# Is that what they call Plucking?



## ThePhoenix (Sep 24, 2020)

A while ago I had to disappear so I set my cockatiel in the care of another person however when I got back my Cockatiel which named Helios feathers were messed up? I don't know what cause but I think it's a health problem.
I bought medicine and gave to him however still no luck.
I was wondering if I were to pluck him would the feathers grow back better?

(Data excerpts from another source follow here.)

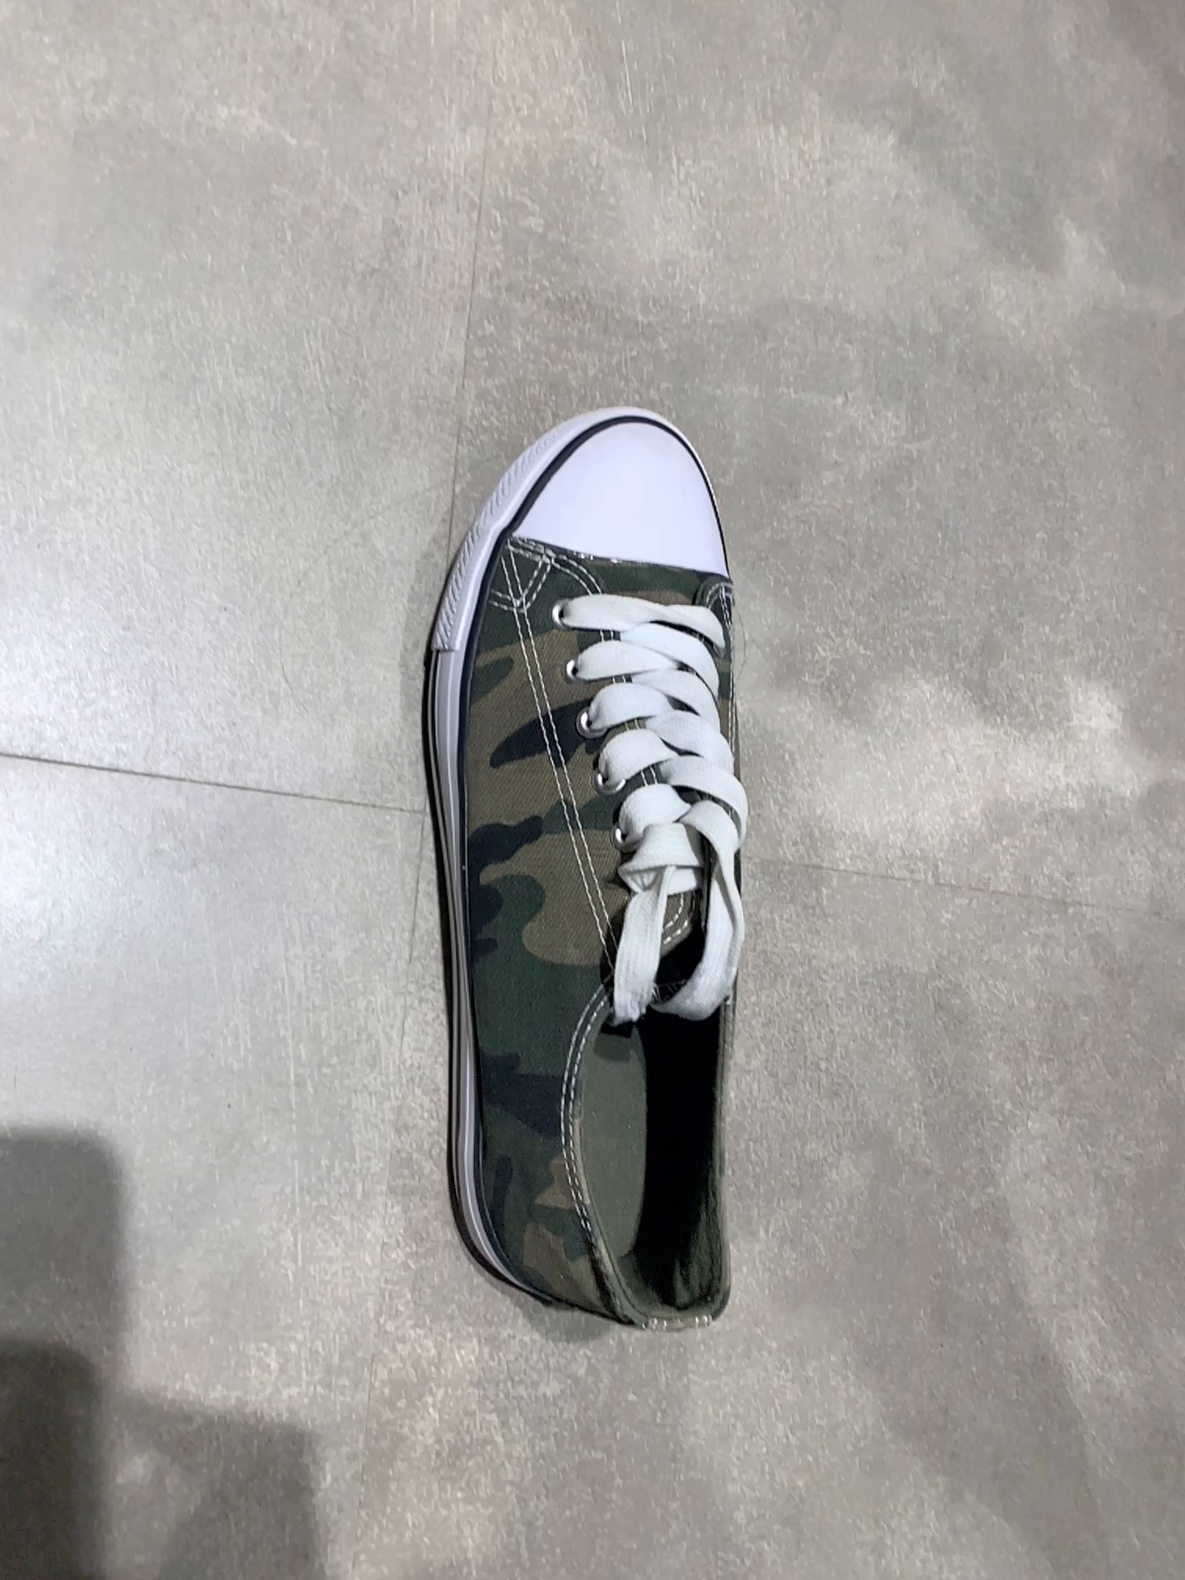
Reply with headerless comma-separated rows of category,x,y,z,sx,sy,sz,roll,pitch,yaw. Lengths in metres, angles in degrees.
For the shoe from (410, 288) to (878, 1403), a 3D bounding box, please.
shoe,0.008,0.012,0.344,0.099,0.079,0.266,3,80,-24
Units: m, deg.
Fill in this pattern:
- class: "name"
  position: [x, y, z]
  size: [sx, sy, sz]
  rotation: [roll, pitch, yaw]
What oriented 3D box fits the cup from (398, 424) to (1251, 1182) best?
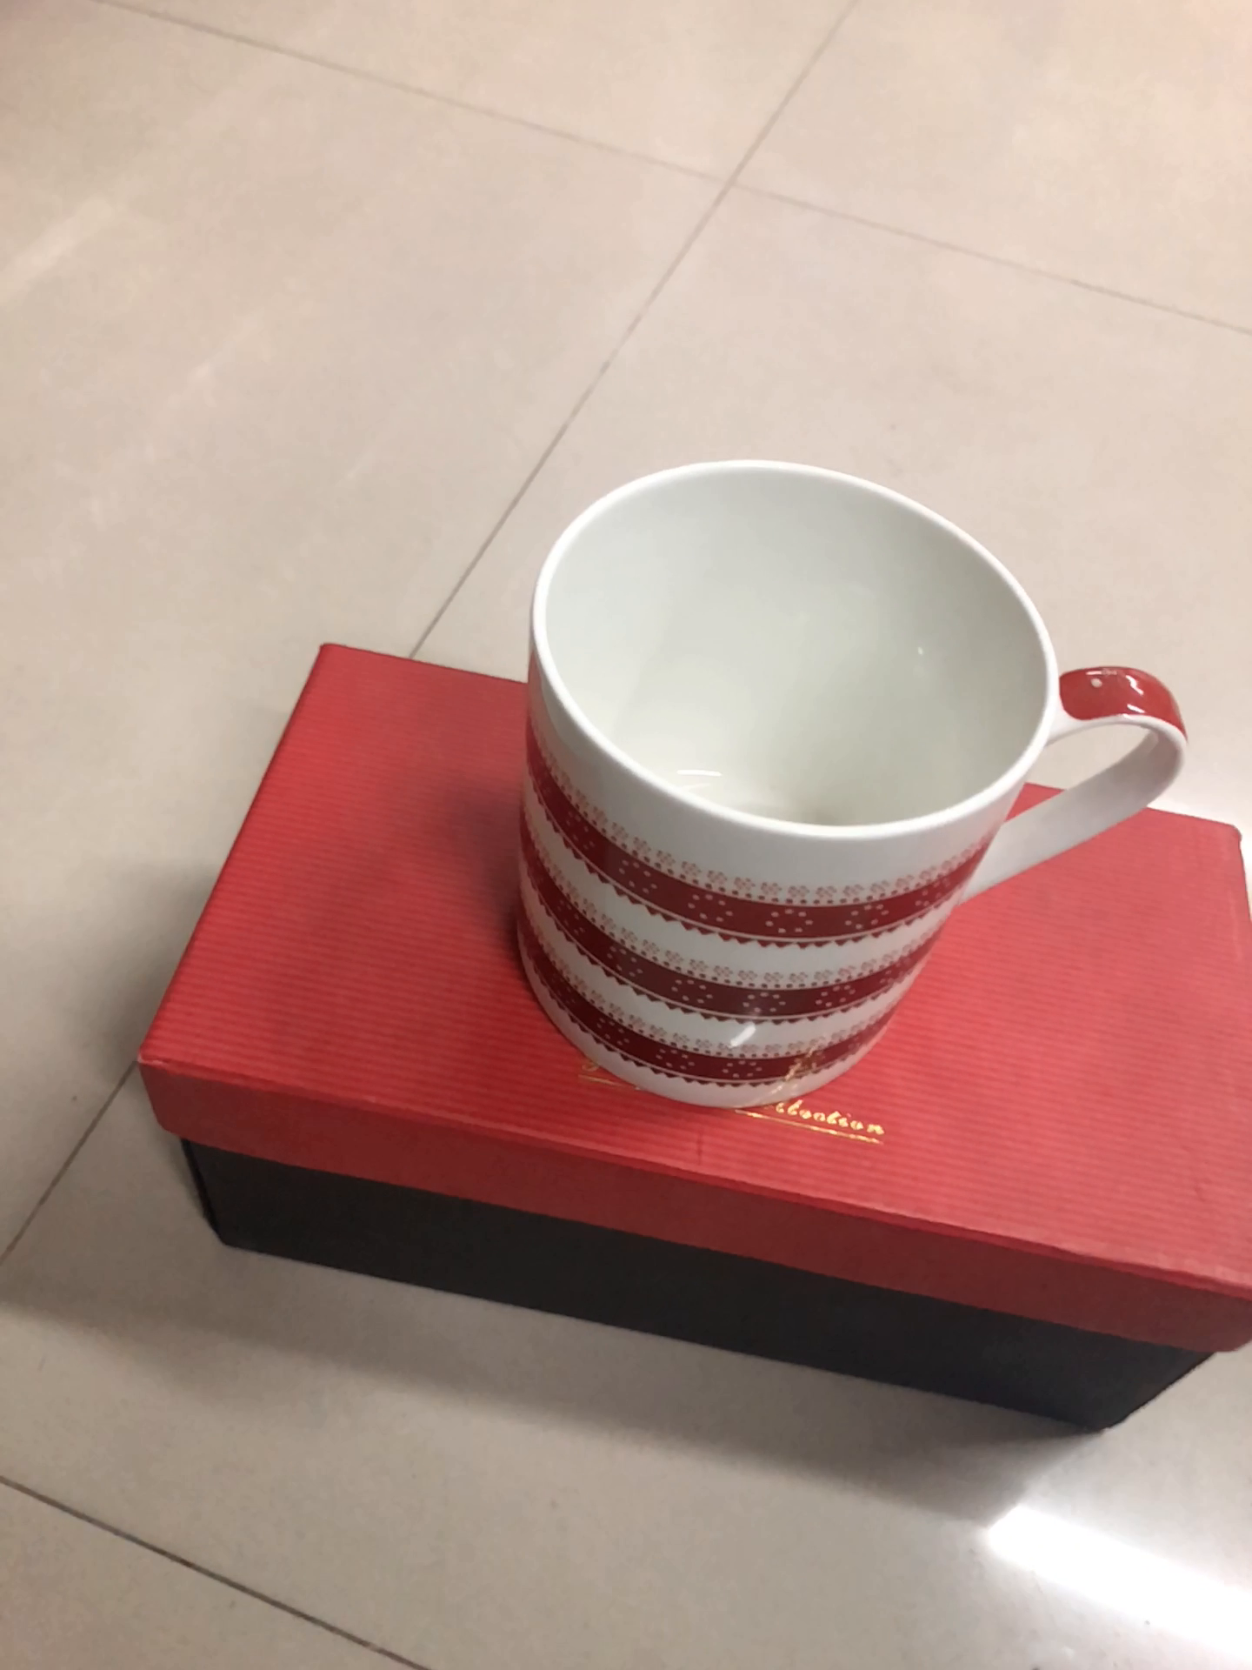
- class: "cup"
  position: [0.031, -0.001, 0.254]
  size: [0.130, 0.099, 0.080]
  rotation: [6, 52, -3]

I would really appreciate anyone's input on this.


----------



## Daytontiel (Feb 24, 2019)

Does he preen a lot? 
I feel this most likely is due to excessive preening, which is usually caused by dry and itching skin. You can give your cockatiel a shower every day for a few days to see if he still preen a lot. Shower will relief skin itching symptoms. Use warm water to shower you cockatiel and let your dry naturally.


----------



## tielfan (Aug 31, 2008)

It's not exactly plucking (which means pulling out the whole feather), but it looks like feather barbering (damaging the feathers, intentionally or by excessive preening). Don't pull the feathers out yourself, just wait for him to molt and then new feathers will grow in. The barbering might have been caused by stress he experienced at the other person's house, but it would be good to see a vet to make sure that he isn't doing it because of a health problem.


----------



## ThePhoenix (Sep 24, 2020)

Daytontiel said:


> Does he preen a lot?
> I feel this most likely is due to excessive preening, which is usually caused by dry and itching skin. You can give your cockatiel a shower every day for a few days to see if he still preen a lot. Shower will relief skin itching symptoms. Use warm water to shower you cockatiel and let your dry naturally.


He does preen but I don't think it's excessive however I'll try your method hopefully it will work, thank you.


----------



## ThePhoenix (Sep 24, 2020)

tielfan said:


> It's not exactly plucking (which means pulling out the whole feather), but it looks like feather barbering (damaging the feathers, intentionally or by excessive preening). Don't pull the feathers out yourself, just wait for him to molt and then new feathers will grow in. The barbering might have been caused by stress he experienced at the other person's house, but it would be good to see a vet to make sure that he isn't doing it because of a health problem.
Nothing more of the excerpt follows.